[Recorded data]
--------------------------------------------------
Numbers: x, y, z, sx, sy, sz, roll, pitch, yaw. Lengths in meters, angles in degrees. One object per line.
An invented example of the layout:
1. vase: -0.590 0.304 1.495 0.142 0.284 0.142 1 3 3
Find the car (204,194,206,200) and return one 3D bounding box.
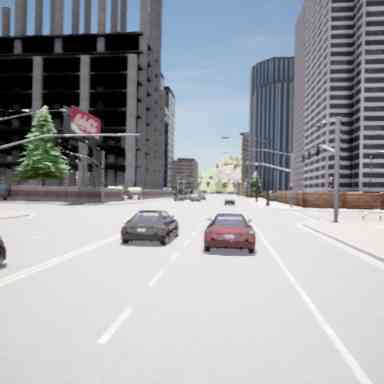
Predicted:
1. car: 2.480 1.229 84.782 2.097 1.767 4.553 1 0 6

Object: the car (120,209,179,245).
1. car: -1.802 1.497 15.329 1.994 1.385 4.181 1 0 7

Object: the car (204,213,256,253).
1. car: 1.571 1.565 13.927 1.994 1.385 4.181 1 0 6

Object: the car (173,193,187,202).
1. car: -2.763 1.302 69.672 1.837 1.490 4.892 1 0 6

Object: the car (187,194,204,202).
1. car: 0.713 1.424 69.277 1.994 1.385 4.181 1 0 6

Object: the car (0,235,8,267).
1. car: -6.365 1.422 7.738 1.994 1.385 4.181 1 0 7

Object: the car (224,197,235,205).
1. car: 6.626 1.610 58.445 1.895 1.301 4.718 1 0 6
--------------------------------------------------
■ About this task
Retype the entries exactly from the first line, stopping after the line with "Find the car".

■ Worked solution
Numbers: x, y, z, sx, sy, sz, roll, pitch, yaw. Lengths in meters, angles in degrees. One object per line.
An invented example of the layout:
1. vase: -0.590 0.304 1.495 0.142 0.284 0.142 1 3 3
Find the car (204,194,206,200) and return one 3D bounding box.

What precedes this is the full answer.